### Your task
The expected output is exactly the lines below, starting at the line with "auto c1 = A > B ? '.' : '#';" and ending at the line with "cnt += x % 2 == 1 ? y % 2 : 0;", both included; no other line belongs in it.

---+---

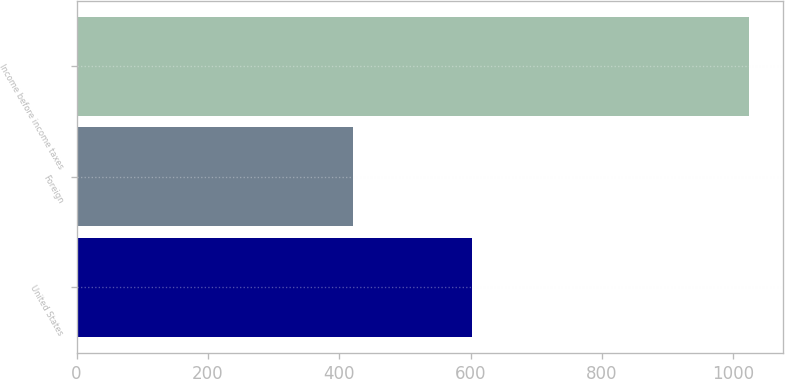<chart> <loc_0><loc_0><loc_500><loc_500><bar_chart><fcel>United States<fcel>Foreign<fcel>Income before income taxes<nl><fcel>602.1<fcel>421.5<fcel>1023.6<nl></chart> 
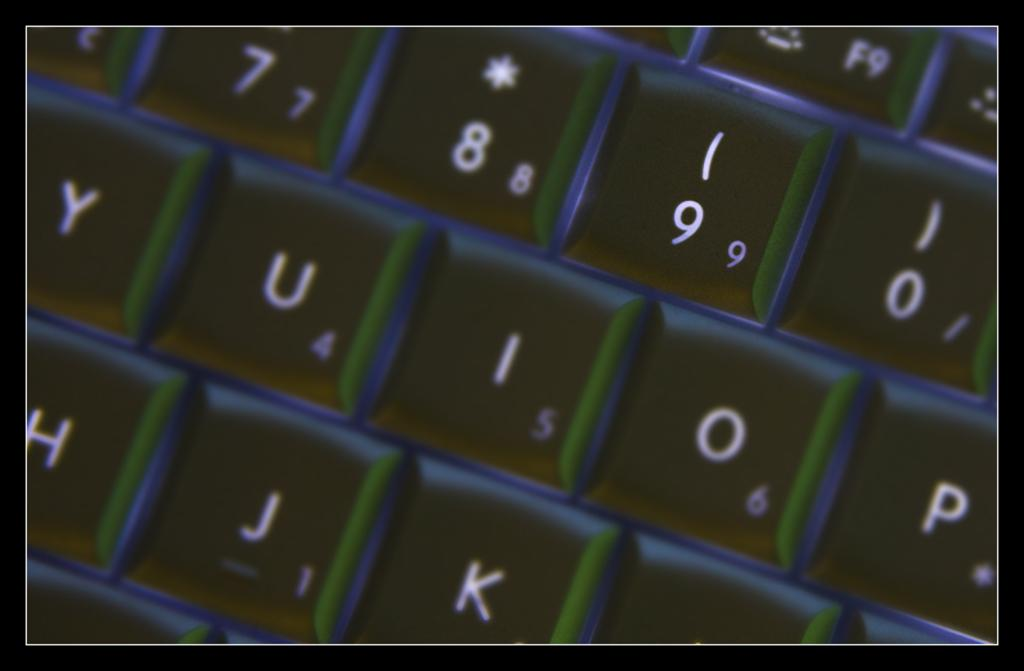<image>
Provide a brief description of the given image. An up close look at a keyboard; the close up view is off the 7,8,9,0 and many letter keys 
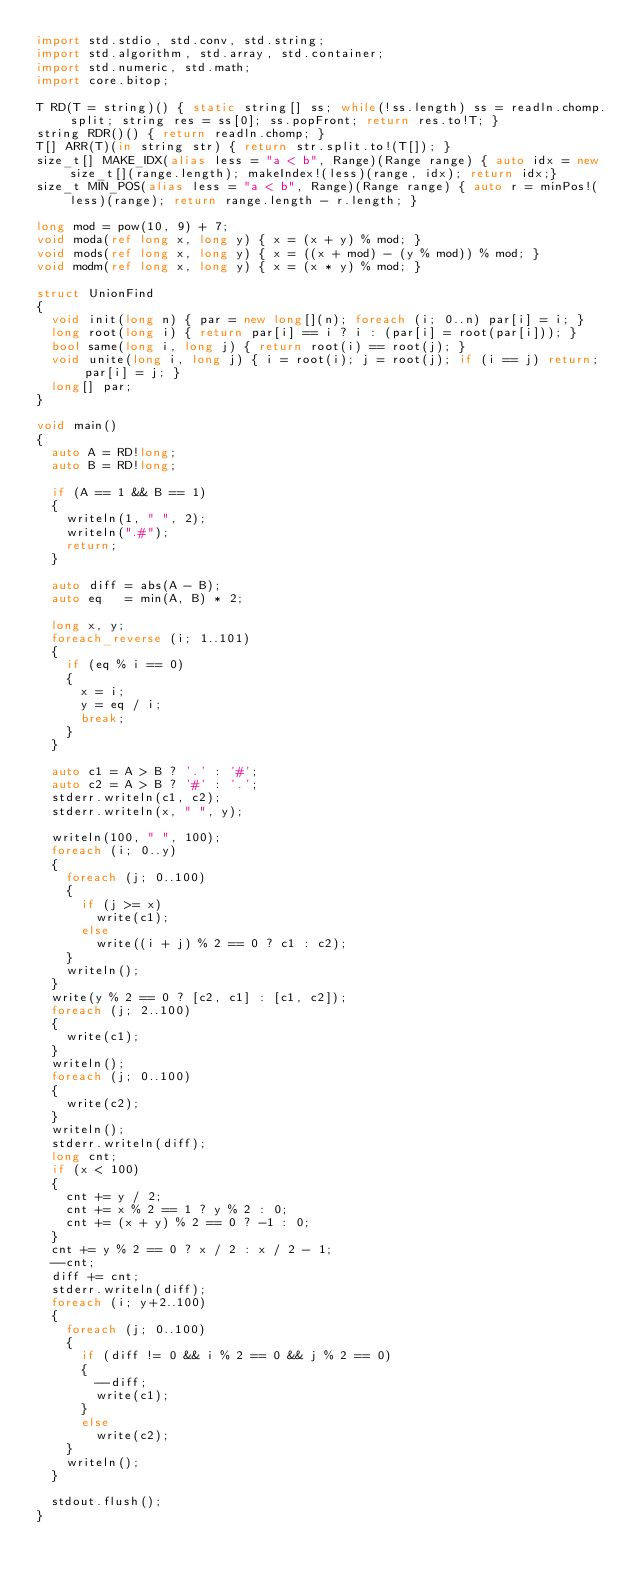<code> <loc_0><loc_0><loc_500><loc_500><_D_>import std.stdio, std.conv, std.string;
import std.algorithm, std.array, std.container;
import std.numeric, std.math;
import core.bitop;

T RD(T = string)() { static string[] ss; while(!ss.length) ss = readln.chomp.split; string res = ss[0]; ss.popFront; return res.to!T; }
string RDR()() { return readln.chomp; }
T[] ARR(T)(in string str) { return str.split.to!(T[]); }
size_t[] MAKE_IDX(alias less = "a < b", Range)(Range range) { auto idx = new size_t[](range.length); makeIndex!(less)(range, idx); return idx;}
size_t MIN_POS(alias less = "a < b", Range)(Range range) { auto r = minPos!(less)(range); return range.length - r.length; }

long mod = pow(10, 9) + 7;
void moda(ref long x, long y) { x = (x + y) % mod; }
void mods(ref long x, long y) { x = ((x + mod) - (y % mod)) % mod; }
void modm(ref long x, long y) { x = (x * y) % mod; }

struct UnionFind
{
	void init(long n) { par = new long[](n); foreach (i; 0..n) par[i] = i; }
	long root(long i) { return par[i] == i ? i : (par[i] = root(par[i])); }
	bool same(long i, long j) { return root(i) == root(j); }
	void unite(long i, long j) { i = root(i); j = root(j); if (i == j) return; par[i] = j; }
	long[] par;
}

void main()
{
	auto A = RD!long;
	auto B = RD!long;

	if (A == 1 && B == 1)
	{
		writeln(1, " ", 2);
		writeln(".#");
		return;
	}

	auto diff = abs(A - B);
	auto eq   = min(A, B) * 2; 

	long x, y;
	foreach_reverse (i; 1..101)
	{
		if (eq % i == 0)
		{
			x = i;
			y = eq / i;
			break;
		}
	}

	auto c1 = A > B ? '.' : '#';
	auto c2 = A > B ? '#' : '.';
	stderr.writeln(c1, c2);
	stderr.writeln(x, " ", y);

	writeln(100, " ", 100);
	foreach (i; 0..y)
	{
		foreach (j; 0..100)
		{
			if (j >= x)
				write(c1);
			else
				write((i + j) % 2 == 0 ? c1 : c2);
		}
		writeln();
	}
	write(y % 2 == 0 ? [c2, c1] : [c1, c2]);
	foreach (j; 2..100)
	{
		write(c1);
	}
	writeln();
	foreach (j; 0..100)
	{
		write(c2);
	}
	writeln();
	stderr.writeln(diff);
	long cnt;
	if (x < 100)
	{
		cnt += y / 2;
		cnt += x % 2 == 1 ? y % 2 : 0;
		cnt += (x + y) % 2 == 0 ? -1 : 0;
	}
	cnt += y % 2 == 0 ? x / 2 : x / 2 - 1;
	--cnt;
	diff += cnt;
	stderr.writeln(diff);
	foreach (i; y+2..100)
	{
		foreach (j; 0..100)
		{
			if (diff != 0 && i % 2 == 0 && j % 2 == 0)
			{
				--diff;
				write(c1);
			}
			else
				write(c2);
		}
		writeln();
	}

---+---

### Response
	auto c1 = A > B ? '.' : '#';
	auto c2 = A > B ? '#' : '.';
	stderr.writeln(c1, c2);
	stderr.writeln(x, " ", y);

	writeln(100, " ", 100);
	foreach (i; 0..y)
	{
		foreach (j; 0..100)
		{
			if (j >= x)
				write(c1);
			else
				write((i + j) % 2 == 0 ? c1 : c2);
		}
		writeln();
	}
	write(y % 2 == 0 ? [c2, c1] : [c1, c2]);
	foreach (j; 2..100)
	{
		write(c1);
	}
	writeln();
	foreach (j; 0..100)
	{
		write(c2);
	}
	writeln();
	stderr.writeln(diff);
	long cnt;
	if (x < 100)
	{
		cnt += y / 2;
		cnt += x % 2 == 1 ? y % 2 : 0;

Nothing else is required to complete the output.